Symposium report: Stockholm shines the light on inclusivity
Travel agents, suppliers and media gathered for the return of Stockholm’s LGBT Symposium. Lottie Gross reports.
LGBT market ‘more resilient’ and leading the comeback of travel
Research shows the LGBTQIA community is leading the comeback of travel post pandemic, delegates at the symposium were told.
The symposium, organised by Visit Stockholm and Stockholm LGBT, was attended by more than 75 agents, suppliers, content creators and media last month.
Travelbeat director John Bridge quoted Sex and the City in his talk on trends, saying “First come the gays, then the girls, then the industry.”

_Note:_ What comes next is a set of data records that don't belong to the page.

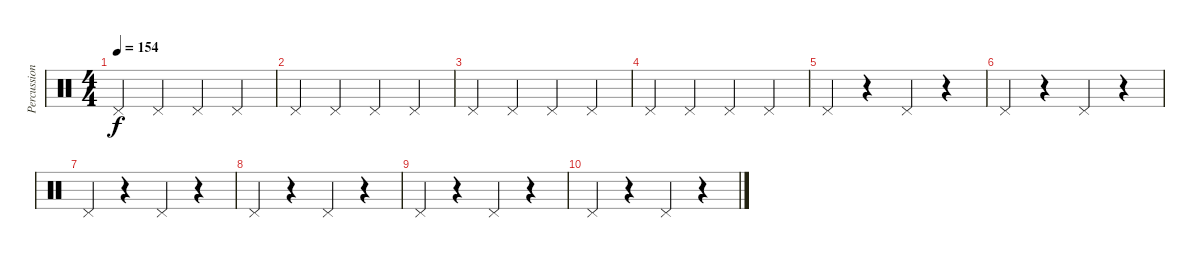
\track ("Percussion" "Percussion") {instrument percussion}
\staff {score}
\articulation defaults
\ts (4 4)
\tempo 154
\clef neutral
\ks c "Pedal Hi-Hat (hit)".4{dy f} "Pedal Hi-Hat (hit)".4 "Pedal Hi-Hat (hit)".4 "Pedal Hi-Hat (hit)".4
|
"Pedal Hi-Hat (hit)".4 "Pedal Hi-Hat (hit)".4 "Pedal Hi-Hat (hit)".4 "Pedal Hi-Hat (hit)".4 |
"Pedal Hi-Hat (hit)".4 "Pedal Hi-Hat (hit)".4 "Pedal Hi-Hat (hit)".4 "Pedal Hi-Hat (hit)".4 |
"Pedal Hi-Hat (hit)".4 "Pedal Hi-Hat (hit)".4 "Pedal Hi-Hat (hit)".4 "Pedal Hi-Hat (hit)".4 |
"Pedal Hi-Hat (hit)".4 r.4 "Pedal Hi-Hat (hit)".4 r.4 |
"Pedal Hi-Hat (hit)".4 r.4 "Pedal Hi-Hat (hit)".4 r.4 |
"Pedal Hi-Hat (hit)".4 r.4 "Pedal Hi-Hat (hit)".4 r.4 |
"Pedal Hi-Hat (hit)".4 r.4 "Pedal Hi-Hat (hit)".4 r.4 |
"Pedal Hi-Hat (hit)".4 r.4 "Pedal Hi-Hat (hit)".4 r.4 |
"Pedal Hi-Hat (hit)".4 r.4 "Pedal Hi-Hat (hit)".4 r.4

He was explaining that the LGBTQIA sector has been leading the way for travel according to research by association IGLTA, which shows that 78% of LGBTQ people will have travelled by the end of 2021, despite restrictions in our industry.
“We’ve been travelling as part of a pandemic for decades,” he explained. “So to us to add in this [Coronavirus] pandemic, it’s made us even more resilient. We’ve been able to adapt, we’re used to mitigating risks to ourselves and other travellers, and because of that we’re seeing a more resilient LGBT travel market. Looking at the statistics, that’s up to 30% higher than other segments of the industry.”
‘Stockholm is open’ – in all senses of the word
Everyone is “celebrated” in Stockholm, according to the city’s director of market development.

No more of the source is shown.